Note that action contexts can contain two kinds of information:

  • Action-specific context: e.g., the image aspect ratio of the image corresponding to this action
  • User-action interaction context: e.g., there could be a "brand-affinity" model that computes brand affinities of users to brands, and scores of this model can be added to the action context to provide additional context for the bandit.

Result

The bandit_result is an instance of BanditResult, which has two fields:

  • variation (String): The variation that was assigned to the subject
  • action (Optional[String]): The action that was assigned to the subject

The variation returns the feature flag variation; this can be the bandit itself, or the "status quo" variation if the user is not assigned to the bandit. If we are unable to generate a variation, for example when the flag is turned off, then the default variation is returned. In both of those cases, the action is nil, and you should use the status-quo algorithm to select an action.

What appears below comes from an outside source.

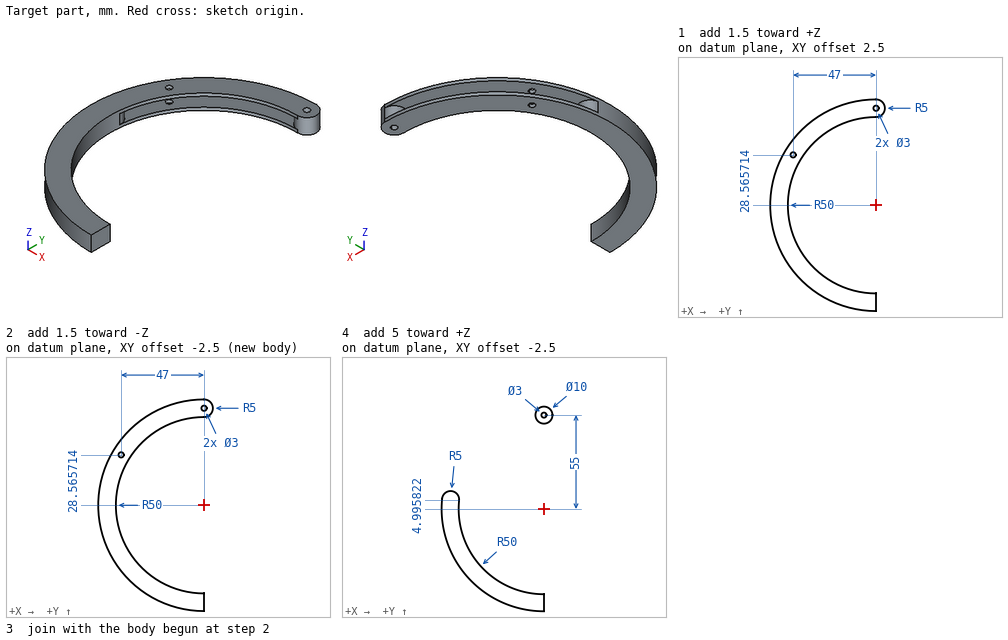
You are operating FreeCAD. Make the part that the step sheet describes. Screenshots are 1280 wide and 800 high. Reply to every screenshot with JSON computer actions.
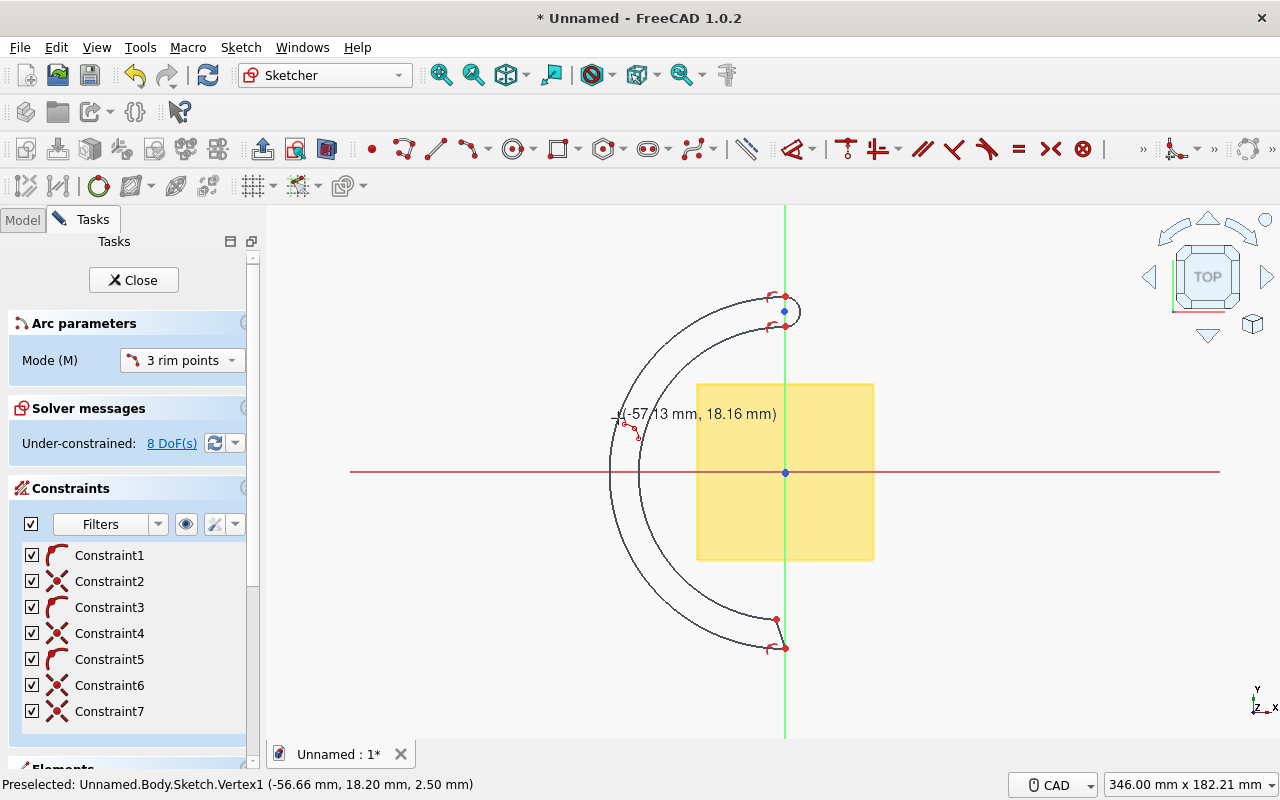
{"action": "left_click", "coordinate": [514, 150]}

When action is not nil, the bandit has selected that action to be shown to the user.

Status quo algorithm

In order to accurately measure the performance of the bandit, we need to compare it to the status quo algorithm using an experiment. This status quo algorithm could be a complicated algorithm that selects an action according to a different model, or a simple baseline such as selecting a fixed or random action. When you create an analysis allocation for the bandit and the action in BanditResult is nil, implement the desired status quo algorithm based on the variation value.